Return each line of the listing that contains the string "grens".

= TASK MATERIAL =
·····
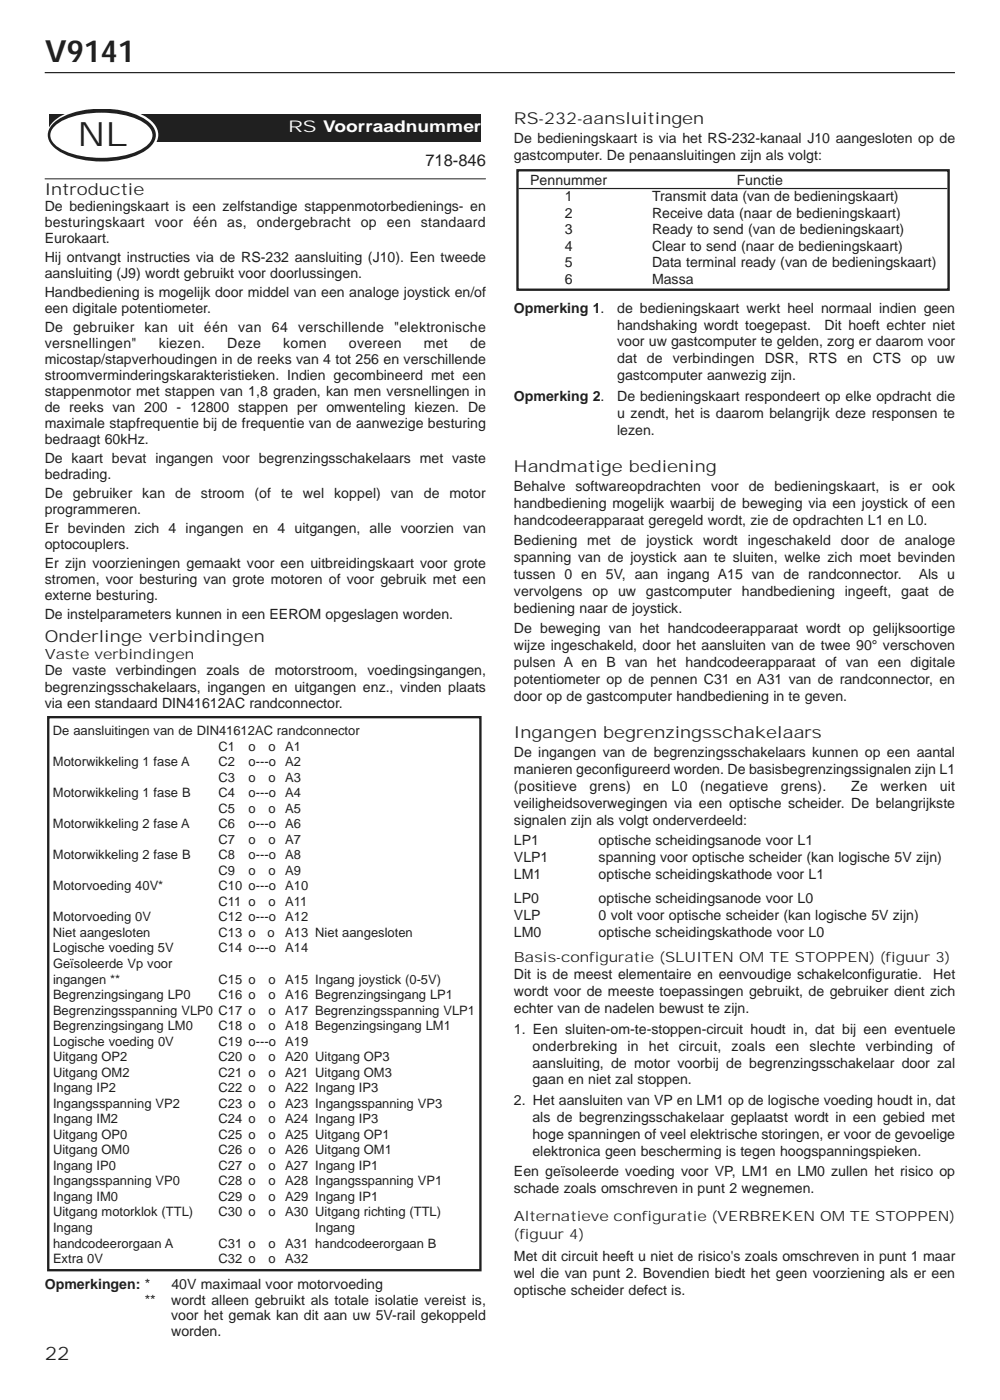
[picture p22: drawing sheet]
<svg xmlns="http://www.w3.org/2000/svg" width="210mm" height="294mm" viewBox="0 0 210 294" stroke-linecap="round" stroke-linejoin="round" font-family="sans-serif">
<defs><g id="words">
<text font-size="7.1" fill="#231f20" x="16.2" y="30.6">NL</text>
<text font-size="6.4" fill="#231f20" x="9.4" y="13">V9141</text>
<text font-size="4" fill="#231f20" x="9.4" y="285.6">22</text>
<g font-size="3.5" fill="#231f20">
<text x="107.9" y="26">RS-232-aansluitingen</text>
<text x="89.3" y="34.9">718-846</text>
<text x="9.4" y="41">Introductie</text>
<text x="107.9" y="99">Handmatige bediening</text>
<text x="9.4" y="134.8">Onderlinge verbindingen</text>
<text x="107.9" y="155">Ingangen begrenzingsschakelaars</text>
</g>
<text font-size="3.4" fill="#fff" x="60.5" y="27.8">RS Voorraadnummer</text>
<g font-size="3" fill="#231f20">
<text x="107.9" y="30">De bedieningskaart is via het RS-232-kanaal J10 aangesloten op de</text>
<text x="107.9" y="33.6">gastcomputer. De penaansluitingen zijn als volgt:</text>
<text x="111.3" y="38.8">Pennummer</text>
<text x="154.6" y="38.8">Functie</text>
<text x="9.4" y="44.3">De bedieningskaart is een zelfstandige stappenmotorbedienings- en</text>
<text x="9.4" y="47.7">besturingskaart</text>
<text x="32.5" y="47.7">voor</text>
<text x="40.5" y="47.7">één</text>
<text x="47.7" y="47.7">as,</text>
<text x="53.9" y="47.7">ondergebracht</text>
<text x="75.7" y="47.7">op</text>
<text x="81.2" y="47.7">een</text>
<text x="88.4" y="47.7">standaard</text>
<text x="118.5" y="45.7">2</text>
<text x="118.5" y="42.2">1</text>
<text x="136.9" y="45.7">Receive data (naar de bedieningskaart)</text>
<text x="136.9" y="42.2">Transmit data (van de bedieningskaart)</text>
<text x="9.4" y="51">Eurokaart.</text>
<text x="118.5" y="49.2">3</text>
<text x="118.5" y="52.6">4</text>
<text x="136.9" y="49.2">Ready to send (van de bedieningskaart)</text>
<text x="136.9" y="52.6">Clear to send (naar de bedieningskaart)</text>
<text x="9.4" y="55">Hij ontvangt instructies via de RS-232 aansluiting (J10). Een tweede</text>
<text x="9.4" y="58.4">aansluiting (J9) wordt gebruikt voor doorlussingen.</text>
<text x="118.5" y="56.1">5</text>
<text x="118.5" y="59.5">6</text>
<text x="136.9" y="56.1">Data terminal ready (van de bedieningskaart)</text>
<text x="136.9" y="59.5">Massa</text>
<text x="9.4" y="62.4">Handbediening is mogelijk door middel van een analoge joystick en/of</text>
<text x="9.4" y="65.7">een digitale potentiometer.</text>
<text x="107.9" y="65.6">Opmerking 1.</text>
<text x="129.5" y="65.6">de bedieningskaart werkt heel normaal indien geen</text>
<text x="9.4" y="69.8">De</text>
<text x="15.4" y="69.8">gebruiker</text>
<text x="30.4" y="69.8">kan</text>
<text x="37.4" y="69.8">uit</text>
<text x="42.8" y="69.8">één</text>
<text x="50" y="69.8">van</text>
<text x="57.1" y="69.8">64</text>
<text x="62.6" y="69.8">verschillende</text>
<text x="82.7" y="69.8">&quot;elektronische</text>
<text x="129.5" y="69.2">handshaking wordt toegepast.</text>
<text x="173.1" y="69.2">Dit hoeft echter niet</text>
<text x="9.4" y="73.1">versnellingen&quot;</text>
<text x="9.4" y="76.4">micostap/stapverhoudingen in de reeks van 4 tot 256 en verschillende</text>
<text x="33.3" y="73.1">kiezen.</text>
<text x="47.7" y="73.1">Deze</text>
<text x="59.5" y="73.1">komen</text>
<text x="73.2" y="73.1">overeen</text>
<text x="89" y="73.1">met</text>
<text x="98.7" y="73.1">de</text>
<text x="129.5" y="72.7">voor uw gastcomputer te gelden, zorg er daarom voor</text>
<text x="129.5" y="76.3">dat</text>
<text x="135.8" y="76.3">de</text>
<text x="141.2" y="76.3">verbindingen</text>
<text x="160.5" y="76.3">DSR,</text>
<text x="169.7" y="76.3">RTS</text>
<text x="177.8" y="76.3">en</text>
<text x="183.2" y="76.3">CTS</text>
<text x="191.2" y="76.3">op</text>
<text x="196.6" y="76.3">uw</text>
<text x="9.4" y="79.8">stroomverminderingskarakteristieken. Indien gecombineerd met een</text>
<text x="9.4" y="83.1">stappenmotor met stappen van 1,8 graden, kan men versnellingen in</text>
<text x="129.5" y="79.8">gastcomputer aanwezig zijn.</text>
<text x="9.4" y="86.4">de reeks van 200 - 12800 stappen per omwenteling kiezen. De</text>
<text x="9.4" y="89.8">maximale stapfrequentie bij de frequentie van de aanwezige besturing</text>
<text x="107.9" y="84.1">Opmerking 2.</text>
<text x="129.5" y="84.1">De bedieningskaart respondeert op elke opdracht die</text>
<text x="129.5" y="87.6">u zendt, het is daarom belangrijk deze responsen te</text>
<text x="9.4" y="93.1">bedraagt 60kHz.</text>
<text x="129.5" y="91.2">lezen.</text>
<text x="9.4" y="97.1">De kaart bevat ingangen voor begrenzingsschakelaars met vaste</text>
<text x="9.4" y="100.5">bedrading.</text>
<text x="9.4" y="104.5">De</text>
<text x="9.4" y="107.8">programmeren.</text>
<text x="15.3" y="104.5">gebruiker</text>
<text x="29.9" y="104.5">kan</text>
<text x="36.8" y="104.5">de</text>
<text x="42.2" y="104.5">stroom</text>
<text x="53.4" y="104.5">(of</text>
<text x="59" y="104.5">te</text>
<text x="63.6" y="104.5">wel</text>
<text x="70.1" y="104.5">koppel)</text>
<text x="82" y="104.5">van</text>
<text x="88.9" y="104.5">de</text>
<text x="94.3" y="104.5">motor</text>
<text x="107.9" y="103">Behalve</text>
<text x="107.9" y="106.6">handbediening mogelijk waarbij de beweging via een joystick of een</text>
<text x="120.8" y="103">softwareopdrachten</text>
<text x="149.2" y="103">voor</text>
<text x="157.2" y="103">de</text>
<text x="162.6" y="103">bedieningskaart,</text>
<text x="186.7" y="103">is</text>
<text x="190.9" y="103">er</text>
<text x="195.7" y="103">ook</text>
<text x="9.4" y="111.9">Er bevinden zich 4 ingangen en 4 uitgangen, alle voorzien van</text>
<text x="107.9" y="110.2">handcodeerapparaat geregeld wordt, zie de opdrachten L1 en L0.</text>
<text x="9.4" y="115.2">optocouplers.</text>
<text x="9.4" y="119.2">Er zijn voorzieningen gemaakt voor een uitbreidingskaart voor grote</text>
<text x="107.9" y="114.4">Bediening</text>
<text x="107.9" y="118">spanning van de joystick aan te sluiten, welke zich moet bevinden</text>
<text x="123.3" y="114.4">met de</text>
<text x="135.7" y="114.4">joystick wordt ingeschakeld door</text>
<text x="184.5" y="114.4">de analoge</text>
<text x="9.4" y="122.6">stromen, voor besturing van grote motoren of voor gebruik met een</text>
<text x="9.4" y="125.9">externe besturing.</text>
<text x="107.9" y="125.1">vervolgens op uw gastcomputer handbediening ingeeft, gaat de</text>
<text x="107.9" y="121.5">tussen 0 en 5V, aan ingang A15 van de randconnector.</text>
<text x="192.8" y="121.5">Als u</text>
<text x="9.4" y="129.9">De instelparameters kunnen in een EEROM opgeslagen worden.</text>
<text x="107.9" y="128.6">bediening naar de joystick.</text>
<text x="107.9" y="132.9">De beweging van het handcodeerapparaat wordt op gelijksoortige</text>
<text x="107.9" y="136.5">wijze ingeschakeld, door het aansluiten van de twee 90° verschoven</text>
<text x="9.4" y="138.3">Vaste verbindingen</text>
<text x="9.4" y="141.7">De vaste verbindingen zoals de motorstroom, voedingsingangen,</text>
<text x="107.9" y="140">pulsen A en B van het handcodeerapparaat of van een digitale</text>
<text x="107.9" y="143.6">potentiometer op de pennen C31 en A31 van de randconnector, en</text>
<text x="9.4" y="145.2">begrenzingsschakelaars, ingangen en uitgangen enz., vinden plaats</text>
<text x="9.4" y="148.6">via een standaard DIN41612AC randconnector.</text>
<text x="107.9" y="147.1">door op de gastcomputer handbediening in te geven.</text>
<text x="107.9" y="159">De ingangen van de begrenzingsschakelaars kunnen op een aantal</text>
<text x="107.9" y="162.5">manieren geconfigureerd worden. De basisbegrenzingssignalen zijn L1</text>
<text x="107.9" y="166.1">(positieve</text>
<text x="123.7" y="166.1">grens)</text>
<text x="135" y="166.1">en</text>
<text x="141" y="166.1">L0</text>
<text x="146.9" y="166.1">(negatieve</text>
<text x="163.9" y="166.1">grens).</text>
<text x="178.7" y="166.1">Ze</text>
<text x="184.8" y="166.1">werken</text>
<text x="197.2" y="166.1">uit</text>
<text x="107.9" y="169.6">veiligheidsoverwegingen via een optische scheider. De belangrijkste</text>
<text x="107.9" y="173.2">signalen zijn als volgt onderverdeeld:</text>
<text x="107.9" y="177.4">LP1</text>
<text x="125.7" y="177.4">optische scheidingsanode voor L1</text>
<text x="107.9" y="181">VLP1</text>
<text x="107.9" y="184.6">LM1</text>
<text x="125.7" y="181">spanning voor optische scheider (kan logische 5V zijn)</text>
<text x="125.7" y="184.6">optische scheidingskathode voor L1</text>
<text x="107.9" y="189.5">LP0</text>
<text x="125.7" y="189.5">optische scheidingsanode voor L0</text>
<text x="107.9" y="193.1">VLP</text>
<text x="107.9" y="196.6">LM0</text>
<text x="125.7" y="193.1">0 volt voor optische scheider (kan logische 5V zijn)</text>
<text x="125.7" y="196.6">optische scheidingskathode voor L0</text>
<text x="107.9" y="201.8">Basis-configuratie (SLUITEN OM TE STOPPEN) (figuur 3)</text>
<text x="107.9" y="205.6">Dit is de meest elementaire en eenvoudige schakelconfiguratie.</text>
<text x="107.9" y="209.1">wordt voor de meeste toepassingen gebruikt, de gebruiker dient zich</text>
<text x="195.9" y="205.6">Het</text>
<text x="107.9" y="212.7">echter van de nadelen bewust te zijn.</text>
<text x="107.9" y="217">1. Een sluiten-om-te-stoppen-circuit houdt in, dat bij een eventuele</text>
<text x="111.8" y="220.5">onderbreking</text>
<text x="131.7" y="220.5">in</text>
<text x="136.2" y="220.5">het</text>
<text x="142.5" y="220.5">circuit,</text>
<text x="153.5" y="220.5">zoals</text>
<text x="162.8" y="220.5">een</text>
<text x="169.9" y="220.5">slechte</text>
<text x="181.7" y="220.5">verbinding</text>
<text x="198" y="220.5">of</text>
<text x="111.8" y="224.1">aansluiting, de motor voorbij de begrenzingsschakelaar door zal</text>
<text x="111.8" y="227.6">gaan en niet zal stoppen.</text>
<text x="107.9" y="231.9">2. Het aansluiten van VP en LM1 op de logische voeding houdt in, dat</text>
<text x="111.8" y="235.4">als de begrenzingsschakelaar geplaatst wordt in een gebied met</text>
<text x="111.8" y="239">hoge spanningen of veel elektrische storingen, er voor de gevoelige</text>
<text x="111.8" y="242.5">elektronica geen bescherming is tegen hoogspanningspieken.</text>
<text x="107.9" y="246.8">Een geïsoleerde voeding voor VP, LM1 en LM0 zullen het risico op</text>
<text x="107.9" y="250.4">schade zoals omschreven in punt 2 wegnemen.</text>
<text x="107.9" y="256.3">Alternatieve configuratie (VERBREKEN OM TE STOPPEN)</text>
<text x="107.9" y="260">(figuur 4)</text>
<text x="107.9" y="264.7">Met dit circuit heeft u niet de risico's zoals omschreven in punt 1 maar</text>
<text x="107.9" y="268.3">wel die van punt 2. Bovendien biedt het geen voorziening als er een</text>
<text x="9.4" y="270.5">Opmerkingen: *</text>
<text x="30.4" y="273.8">**</text>
<text x="35.9" y="273.8">wordt alleen gebruikt als totale isolatie vereist is,</text>
<text x="36" y="270.5">40V maximaal voor motorvoeding</text>
<text x="107.9" y="271.8">optische scheider defect is.</text>
<text x="35.9" y="280.5">worden.</text>
<text x="35.9" y="277.2">voor het gemak kan dit aan uw 5V-rail gekoppeld</text>
</g>
<g font-size="2.7" fill="#231f20">
<text x="11.1" y="154.3">De aansluitingen van de DIN41612AC randconnector</text>
<text x="11.1" y="160.8">Motorwikkeling 1 fase A</text>
<text x="45.9" y="160.8">C2</text>
<text x="45.9" y="157.5">C1</text>
<text x="52.2" y="160.8">o---o</text>
<text x="52.2" y="157.5">o</text>
<text x="56.4" y="157.5">o</text>
<text x="59.9" y="157.5">A1</text>
<text x="59.9" y="160.8">A2</text>
<text x="11.1" y="167.3">Motorwikkeling 1 fase B</text>
<text x="45.9" y="164.1">C3</text>
<text x="45.9" y="167.3">C4</text>
<text x="52.2" y="164.1">o</text>
<text x="52.2" y="167.3">o---o</text>
<text x="56.4" y="164.1">o</text>
<text x="59.9" y="164.1">A3</text>
<text x="59.9" y="167.3">A4</text>
<text x="11.1" y="173.8">Motorwikkeling 2 fase A</text>
<text x="45.9" y="173.8">C6</text>
<text x="45.9" y="170.6">C5</text>
<text x="52.2" y="170.6">o</text>
<text x="52.2" y="173.8">o---o</text>
<text x="56.4" y="170.6">o</text>
<text x="59.9" y="170.6">A5</text>
<text x="59.9" y="173.8">A6</text>
<text x="45.9" y="177.1">C7</text>
<text x="52.2" y="177.1">o</text>
<text x="56.4" y="177.1">o</text>
<text x="59.9" y="177.1">A7</text>
<text x="11.1" y="180.4">Motorwikkeling 2 fase B</text>
<text x="45.9" y="183.6">C9</text>
<text x="45.9" y="180.4">C8</text>
<text x="52.2" y="180.4">o---o</text>
<text x="52.2" y="183.6">o</text>
<text x="56.4" y="183.6">o</text>
<text x="59.9" y="183.6">A9</text>
<text x="59.9" y="180.4">A8</text>
<text x="11.1" y="186.9">Motorvoeding 40V*</text>
<text x="45.9" y="186.9">C10 o---o</text>
<text x="45.9" y="190.1">C11 o</text>
<text x="56.4" y="190.1">o</text>
<text x="59.9" y="190.1">A11</text>
<text x="59.9" y="186.9">A10</text>
<text x="11.1" y="193.4">Motorvoeding 0V</text>
<text x="11.1" y="196.7">Niet aangesloten</text>
<text x="45.9" y="193.4">C12 o---o</text>
<text x="45.9" y="196.7">C13 o</text>
<text x="56.2" y="196.7">o</text>
<text x="59.9" y="193.4">A12</text>
<text x="59.9" y="196.7">A13 Niet aangesloten</text>
<text x="11.1" y="199.9">Logische voeding 5V</text>
<text x="11.1" y="203.2">Geïsoleerde Vp voor</text>
<text x="45.9" y="199.9">C14 o---o</text>
<text x="59.9" y="199.9">A14</text>
<text x="11.1" y="209.7">Begrenzingsingang LP0</text>
<text x="11.1" y="206.4">ingangen **</text>
<text x="45.9" y="206.4">C15 o</text>
<text x="45.9" y="209.7">C16 o</text>
<text x="56.4" y="206.4">o</text>
<text x="56.4" y="209.7">o</text>
<text x="59.9" y="206.4">A15 Ingang joystick (0-5V)</text>
<text x="59.9" y="209.7">A16 Begrenzingsingang LP1</text>
<text x="11.1" y="213">Begrenzingsspanning VLP0 C17 o</text>
<text x="56.4" y="213">o</text>
<text x="59.9" y="213">A17 Begrenzingsspanning VLP1</text>
<text x="11.1" y="219.5">Logische voeding 0V</text>
<text x="11.1" y="216.2">Begrenzingsingang LM0</text>
<text x="45.9" y="219.5">C19 o---o</text>
<text x="45.9" y="216.2">C18 o</text>
<text x="56.4" y="216.2">o</text>
<text x="59.9" y="216.2">A18 Begenzingsingang LM1</text>
<text x="59.9" y="219.5">A19</text>
<text x="11.1" y="226">Uitgang OM2</text>
<text x="11.1" y="222.7">Uitgang OP2</text>
<text x="45.9" y="226">C21 o</text>
<text x="45.9" y="222.7">C20 o</text>
<text x="56.4" y="222.7">o</text>
<text x="56.4" y="226">o</text>
<text x="59.9" y="222.7">A20 Uitgang OP3</text>
<text x="59.9" y="226">A21 Uitgang OM3</text>
<text x="11.1" y="232.5">Ingangsspanning VP2</text>
<text x="11.1" y="229.3">Ingang IP2</text>
<text x="45.9" y="232.5">C23 o</text>
<text x="45.9" y="229.3">C22 o</text>
<text x="56.4" y="229.3">o</text>
<text x="56.4" y="232.5">o</text>
<text x="59.9" y="229.3">A22 Ingang IP3</text>
<text x="59.9" y="232.5">A23 Ingangsspanning VP3</text>
<text x="11.1" y="239">Uitgang OP0</text>
<text x="11.1" y="235.8">Ingang IM2</text>
<text x="45.9" y="239">C25 o</text>
<text x="45.9" y="235.8">C24 o</text>
<text x="56.4" y="235.8">o</text>
<text x="56.4" y="239">o</text>
<text x="59.9" y="235.8">A24 Ingang IP3</text>
<text x="59.9" y="239">A25 Uitgang OP1</text>
<text x="11.1" y="245.6">Ingang IP0</text>
<text x="11.1" y="242.3">Uitgang OM0</text>
<text x="45.9" y="245.6">C27 o</text>
<text x="45.9" y="242.3">C26 o</text>
<text x="56.4" y="242.3">o</text>
<text x="56.4" y="245.6">o</text>
<text x="59.9" y="242.3">A26 Uitgang OM1</text>
<text x="59.9" y="245.6">A27 Ingang IP1</text>
<text x="11.1" y="248.8">Ingangsspanning VP0</text>
<text x="45.9" y="248.8">C28 o</text>
<text x="56.4" y="248.8">o</text>
<text x="59.9" y="248.8">A28 Ingangsspanning VP1</text>
<text x="11.1" y="255.3">Uitgang motorklok (TTL)</text>
<text x="11.1" y="252.1">Ingang IM0</text>
<text x="45.9" y="252.1">C29 o</text>
<text x="45.9" y="255.3">C30 o</text>
<text x="56.4" y="255.3">o</text>
<text x="56.4" y="252.1">o</text>
<text x="59.9" y="252.1">A29 Ingang IP1</text>
<text x="59.9" y="255.3">A30 Uitgang richting (TTL)</text>
<text x="11.1" y="258.6">Ingang</text>
<text x="11.1" y="261.9">handcodeerorgaan A</text>
<text x="45.9" y="261.9">C31 o</text>
<text x="56.4" y="261.9">o</text>
<text x="59.9" y="261.9">A31 handcodeerorgaan B</text>
<text x="66.2" y="258.6">Ingang</text>
<text x="11.1" y="265.1">Extra 0V</text>
<text x="45.9" y="265.1">C32 o</text>
<text x="56.4" y="265.1">o</text>
<text x="59.9" y="265.1">A32</text>
</g>
</g></defs>
<path d="M9.4 37.5h92.6" fill="none" stroke="#231f20" stroke-width=".21"/>
<path d="M108.9 36h90v24.6h-90z" fill-rule="evenodd" fill="#fff"/>
<path d="M108.8 39.6h90" fill="none" stroke="#231f20" stroke-width=".25"/>
<path d="M108.6 35.7h90.5v25.1h-90.5z" fill="none" stroke="#231f20" stroke-width=".49"/>
<path d="M10.4 150.8h90.2v115.6h-90.2z" fill-rule="evenodd" fill="#fff"/>
<path d="M10.1 150.5h90.7v116.1h-90.7z" fill="none" stroke="#231f20" stroke-width=".49"/>
<path d="M10.4 24h90.4v5.8h-90.4z" fill="#231f20"/>
<path d="M11.5 25.3a11.4 11.4 0 0 1 8.5-2.5h3.1a11 11 0 0 1 9.2 3.2 3.5 3.5 0 0 1-.7 5.3 16.6 16.6 0 0 1-11.6 2.9 13.5 13.5 0 0 1-9.2-3.6 3.5 3.5 0 0 1 .7-5.3z" fill="#fff"/>
<path d="M10.9 26.2a13.4 13.4 0 0 1 8.9-3.3 17.4 17.4 0 0 1 11.4 2.7 3.3 3.3 0 0 1 0 5.6 16.6 16.6 0 0 1-11.4 2.6 13.4 13.4 0 0 1-8.9-3.3 3.1 3.1 0 0 1 0-4.3z" fill="#231f20"/>
<path d="M11.4 26.6a13.4 13.4 0 0 1 8.4-2.9 17.9 17.9 0 0 1 10.7 2.3 2.68 2.68 0 0 1 0 4.8 18.4 18.4 0 0 1-12.1 2.2 12.6 12.6 0 0 1-7-2.8 2.44 2.44 0 0 1 0-3.6z" fill="#fff"/>
<path d="M9.4 15.2h191.1" fill="none" stroke="#231f20" stroke-width=".25"/>
<path d="M9.4 281.4h16.8v11.2h-16.8z" fill-rule="evenodd" fill="#fff"/>
<use href="#words"/>
</svg>
·····
= OUTPUT FOR THIS TASK =
<text x="123.7" y="166.1">grens)</text>
<text x="163.9" y="166.1">grens).</text>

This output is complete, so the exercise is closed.